The League of Women Voters of the United States submitted comments to the Environmental Protection Agency (EPA) opposing their proposal to change the definition of "Waters of the United States" (WOTUS).
December 24, 2025
Administrator Lee Zeldin
Environmental Protection Agency
1200 Pennsylvania Avenue NW
Washington, DC 20004
Submitted electronically via regulations.gov
Re: Updated Definition of “Waters of the United States”
Docket Number: EPA-HQ-OW-2025-0322
Dear Administrator Zeldin,
These comments are provided by the League of Women Voters of the United States (The League), in response to the US Environmental Protection Agency’s (EPA’s) and the US Department of the Army’s (“the agencies”) proposed rule to revise the regulations defining the scope of waters that are jurisdictional under the Federal Water Pollution Control Act, as amended, also known as the Clean Water Act (CWA), in light of the US Supreme Court's (SCOTUS’) 2023 decision in Sackett v. Environmental Protection Agency. The League opposes key elements of the agencies’ proposed rule, which will significantly impair water quality protections throughout the US and are contrary to public interest.
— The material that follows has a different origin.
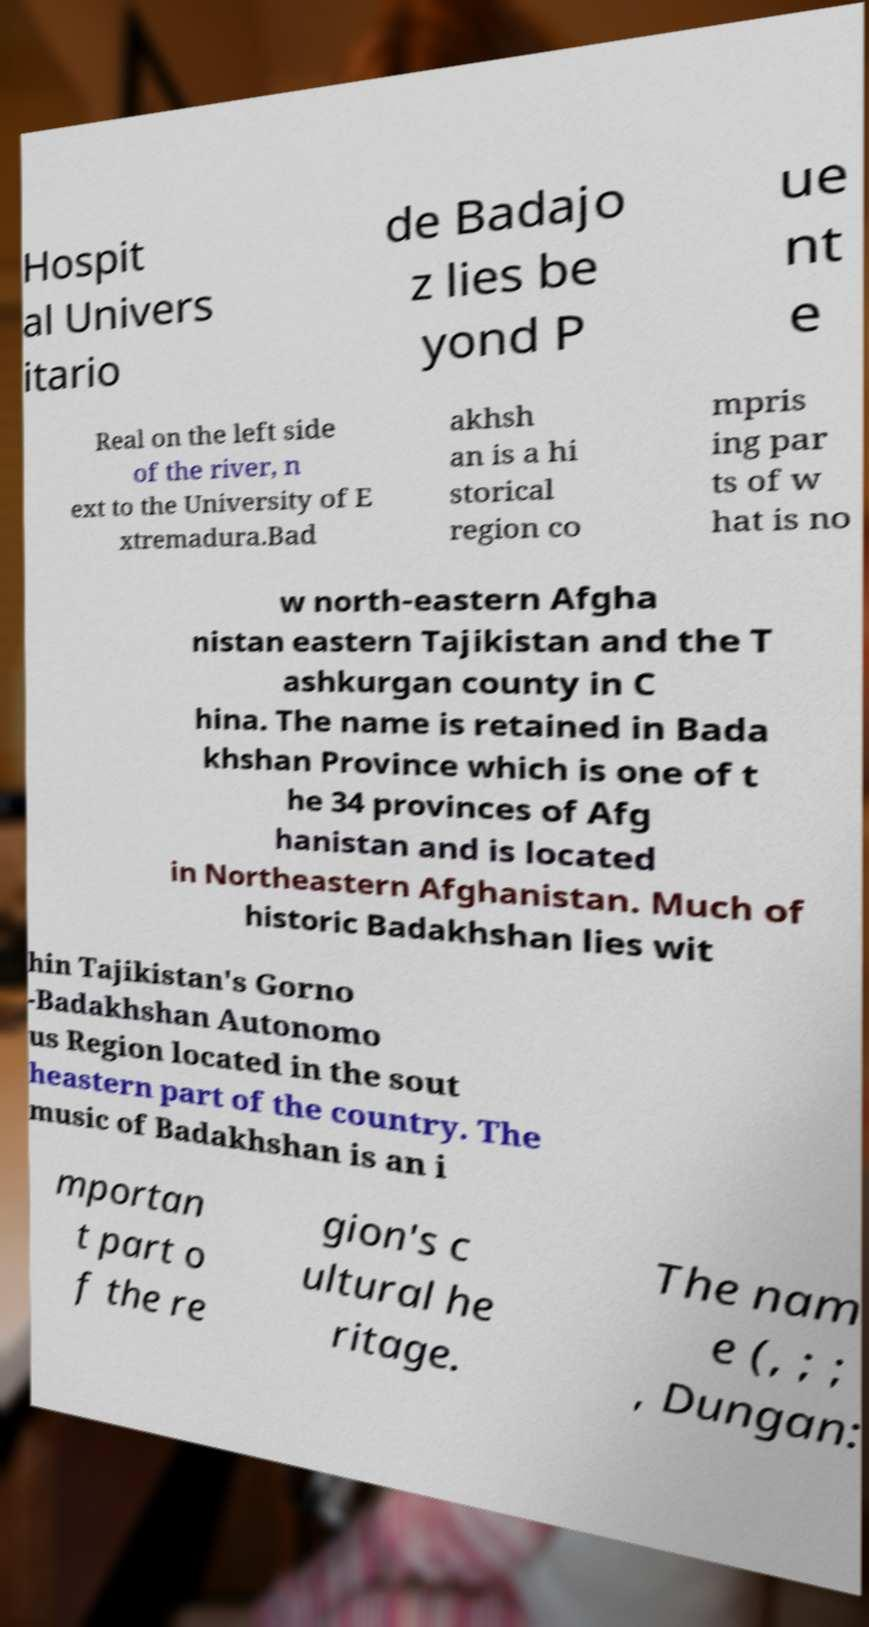For documentation purposes, I need the text within this image transcribed. Could you provide that? Hospit al Univers itario de Badajo z lies be yond P ue nt e Real on the left side of the river, n ext to the University of E xtremadura.Bad akhsh an is a hi storical region co mpris ing par ts of w hat is no w north-eastern Afgha nistan eastern Tajikistan and the T ashkurgan county in C hina. The name is retained in Bada khshan Province which is one of t he 34 provinces of Afg hanistan and is located in Northeastern Afghanistan. Much of historic Badakhshan lies wit hin Tajikistan's Gorno -Badakhshan Autonomo us Region located in the sout heastern part of the country. The music of Badakhshan is an i mportan t part o f the re gion's c ultural he ritage. The nam e (, ; ; , Dungan:

The League recognizes the complexities of balancing the costs and benefits of regulatory action, as well as the importance of regulatory clarity and predictability. However, the proposed rule fails to reach its stated goals to provide “regulatory certainty” and to implement the CWA’s objective to “restore and maintain the quality of the Nation's waters.” Among other things, the proposed rule excludes groundwater and some interstate waters from CWA jurisdictional authority and undercuts the CWA-required cooperative federalism framework. The proposed narrower definitions of waters of the United States (WOTUS) are contrary to the legislative intent of the CWA and the principles of hydrology. The League and Clean Water The League is a 105-year-old nonpartisan, nonprofit organization committed to ensuring that everyone is represented in our democracy. We are a grassroots group of more than one million members and supporters across more than 800 local and state Leagues nationwide. The League focuses on advocacy, education, litigation, and organizing to empower voters and defend democracy.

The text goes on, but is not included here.